Endişem şu;

Ülkemizde ve Manisa’da virüsün yayılmaması için yapılan onca güzel çalışmaya karşın yapılmayan ya da yapılamayanlar var. 

Acaba...

Soru-cevap şeklinde ilerleyelim…

Soru: Yapılan yapılmayanı bertaraf eder mi, boşa çıkarır mı?

Cevap net aslında.

Evde kalan insan sayısı fazla. Ama dışarıda olan, çalışan ya da çalışmak zorunda olan insan sayısı da fazla.

Soru: Dışarıdaki insan sayısı koronavirüsü yaymaya yeter mi?

Cevap: Yeter de artar bile!

Rakamlar öyle diyor.

10 Mart’ta Ülkemizdeki hasta sayısı 1 iken, 1 Nisan’da yani bugün 15 bin 679’a çıktı.

17 Mart’ta ölü sayısı 1 iken bugün itibariyle 277’ye ulaştı.

Demek ki evde kalanlarda değil sıkıntı. Nüfusun isterse yüzde 80’i evde kalsın. Yüzde 20’si dışarıdaysa ve bunların sadece yüzde 10’u virüsü eve veya çevresine taşıyorsa, ölü ve vaka sayısı artar.

İtalya, İspanya, ABD ve birçok ülkede milyonlarca kişi evde. Hatta dünyada milyarlarca insanın eve kapandığını biliyoruz.

Sonuç: Dünya genelini etkileyen koronavirüs salgınında hayatını kaybedenlerin sayısı 50 bine doğru gidiyor, virüs bulaşan kişi sayısı 1 milyona yaklaştı.

Demekki başta almadıkları önlemler aldıkları önlemlerden daha baskın çıktı. Sonra başta almadıkları önlemleri almaya başladılar. 

Ama iş işten geçti.

Biz bu konuda her şeye rağmen aldığımız önlemlerin avantajını yaşadık.  

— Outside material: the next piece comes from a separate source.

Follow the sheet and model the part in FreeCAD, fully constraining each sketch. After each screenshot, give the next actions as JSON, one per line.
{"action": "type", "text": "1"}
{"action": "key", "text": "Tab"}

Diyorum ya sorun atmadığımız adımlarla ilgili.    

Gelelim Manisa'ya...

Manisa’da pozitif vaka sayısı 65’i buldu. Aldığım bilgilere göre şuana kadar koronavirüsten Manisa’da 1 kişi hayatını kaybetti. Yaşı 74.

İzmir’le karşılaştırırsak durum iyi. İzmir’de 853 vaka var. Ölü sayısı 18. 

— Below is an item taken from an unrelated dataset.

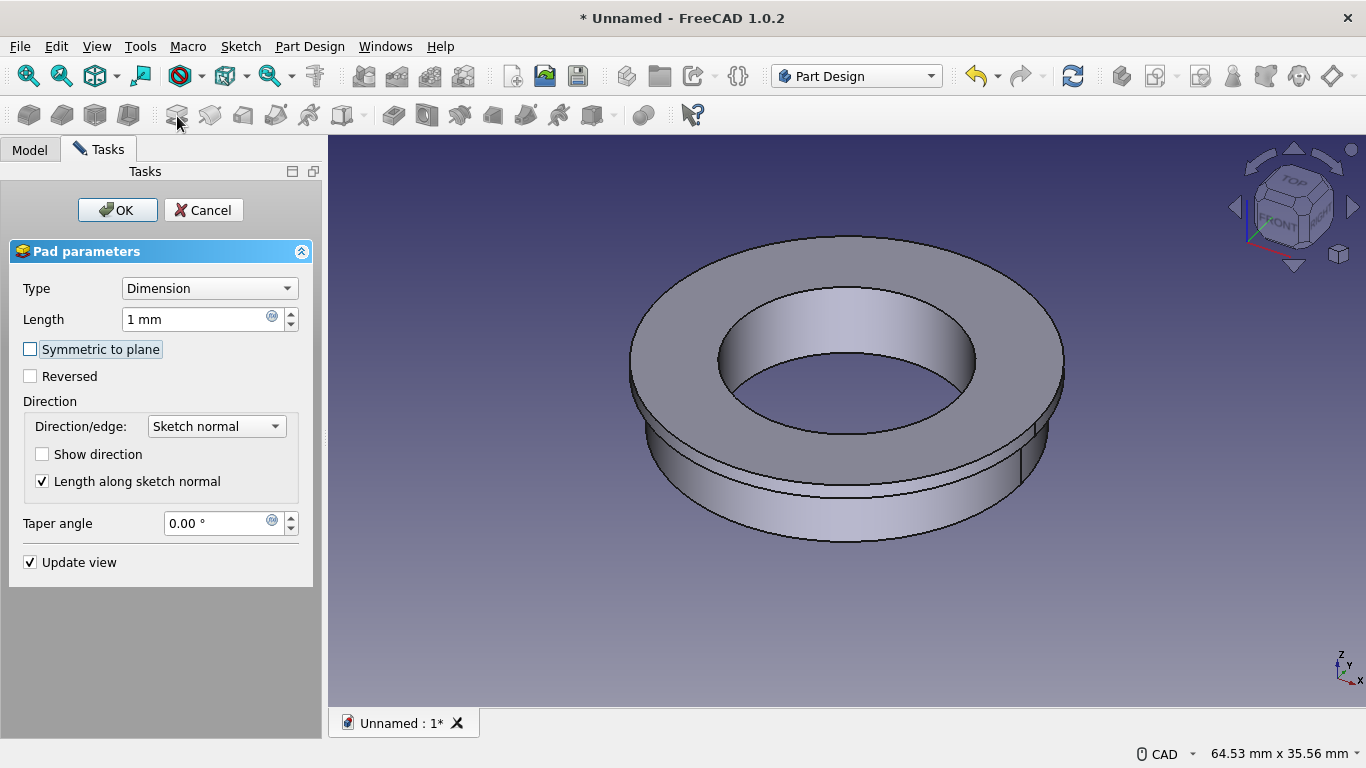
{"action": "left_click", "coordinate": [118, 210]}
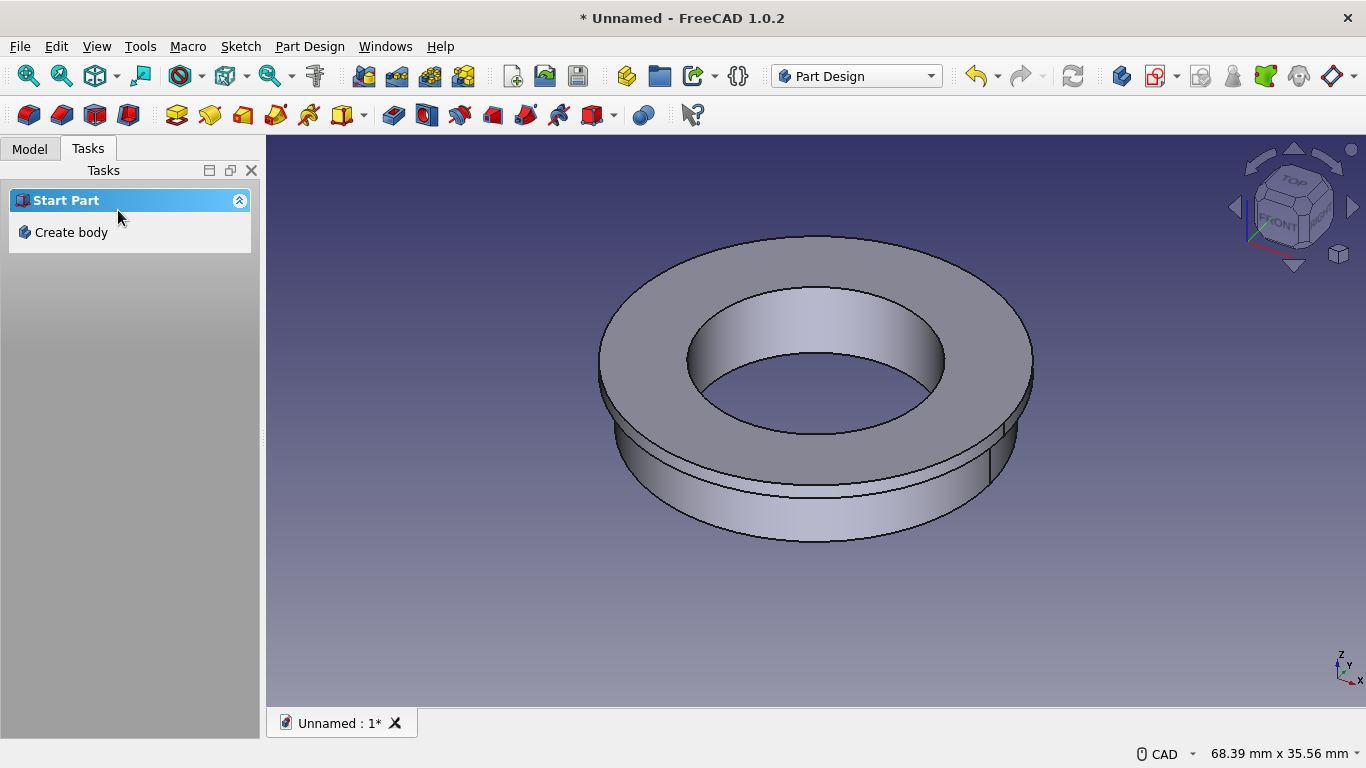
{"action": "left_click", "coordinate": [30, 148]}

Ama ölçü kötü olan değil. 

Tehlikeli olan da bu. İzmir ile Manisa tek bir şehir gibi artık. Her gün binlerce işçi İzmir’den Manisa’ya geliyor. Ki şuan bir çok fabrika kapandığı için gelemiyor. Manisa’dan İzmir’e binlerce kişi gidiyor. Son 2-3 gündür giriş ve çıkışlar biraz daha kontrol altında. Bu iyi. Ama risk çok büyük.

Önümüzdeki 15 gün hayati derecede önem taşıyor. Ve bu hassas süreç nisan ayı sonuna kadar devam edecek.  

Çok dikkatli olmalıyız.

Her şeyi yetkililerden beklemeden, biraz kişisel gayret ve dikkat şart. 

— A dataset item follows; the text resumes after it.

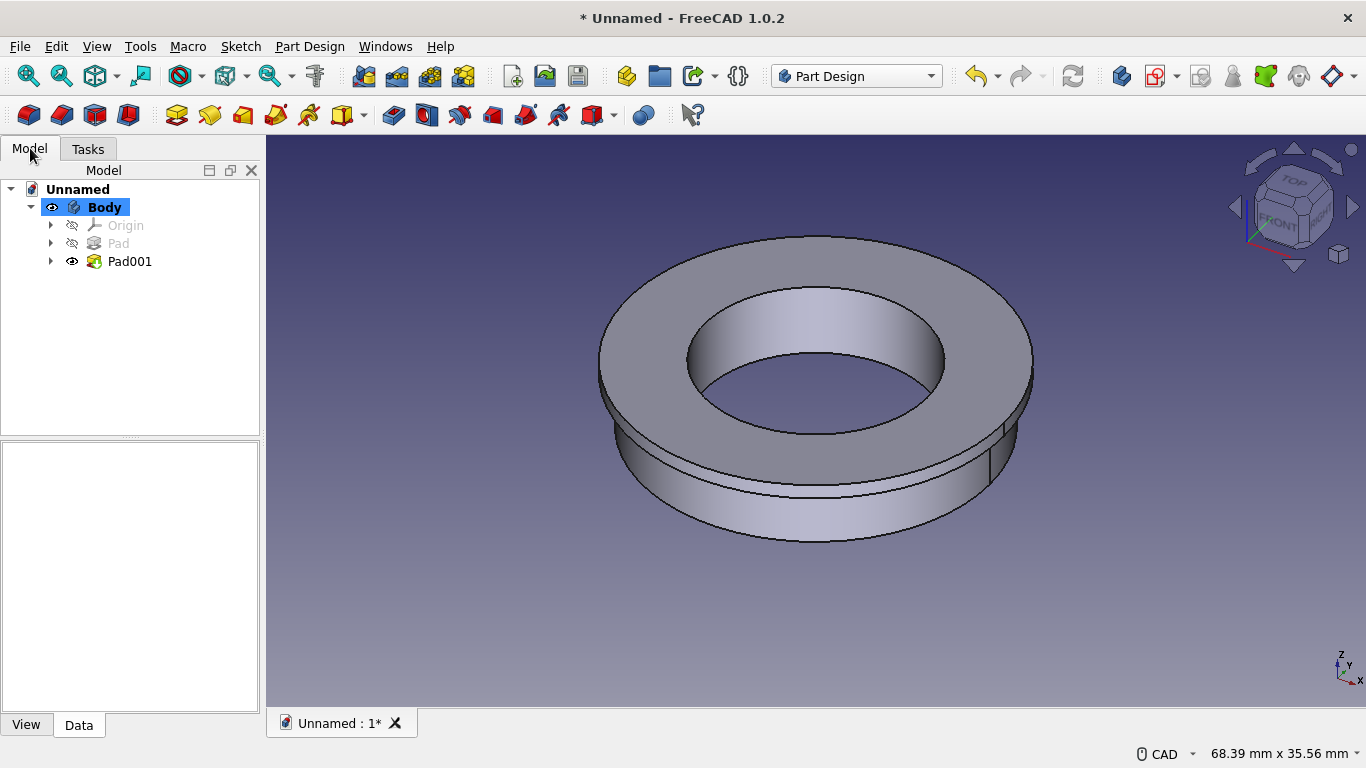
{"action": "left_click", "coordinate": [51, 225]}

Olabildiğince evde kalmak en iyisi. Mecbur kalanlar çıkacak ama mecbur olmayanlar keyfi davranarak evde kalma süresini uzatıyor.  

Çünkü virüs hızla bulaşıyor ve bir çok kişi taşıyıcı olduğunun farkına bile varamıyor.

Peki biz ülke olarak işin neresindeyiz?

Burada ölçü İtalya, İspanya değil, Almanya’dır, Kore’dir. Veya bu işi en alt seviyede kim tutuyorsa odur.

Biz an itibariyle sürecin sonunda olsaydık evet bu bir başarıdır diyebilirdik. Ama başında mıyız, ortasında mıyız, sonunda mıyız bilmiyoruz. Ve hiçbir şey öngörememek en korkutucu olanı.

Bu yüzden evde kal çağrıları anlamlı olmakla birlikte yetersiz sanki. Daha doğrusu toplumun belli bir bölümünü etkiliyor. Geriye kalan kesim kafasına göre takılıyor hatta hala virüsün varlığına inanmıyor.

Bu ay çok önemli!

Nisanın 15’ine kadar çok radikal bir kararla sürecin tamamen devlet kontrolünde geçmesi lazım.

İşte en önemli detay da bu.

Yani kontrol vatandaşta değil yetkili kurumlarda olmalı.

Dışarıya çıkma inisiyatifini vatandaşa bırakmak pahalıya mal olabilir.

Daha anlaşılır bir dil şart.

İnsanları eve sokacak ve kontrol altına alacak bir karantina.

Şuan bazı illerde başladı. Vakit kaybetmememiz gerekir.

Ve bu süreçte çok fazla testle pozitif vakaların hızla tespit edilerek hastane ortamına alınması tek çare gibi duruyor. zaten şuan yapılmak istenen de odur.

Tek sıkıntı dışarıdakiler.

Vaka sayıları arttıktan sonra alınacak önlemler anlamsız kalabilir. Bu iş daha fazla yayılmadan, ölü sayısı artmadan, kısmi karantinalardan ziyade genel bir karantina elzemdir.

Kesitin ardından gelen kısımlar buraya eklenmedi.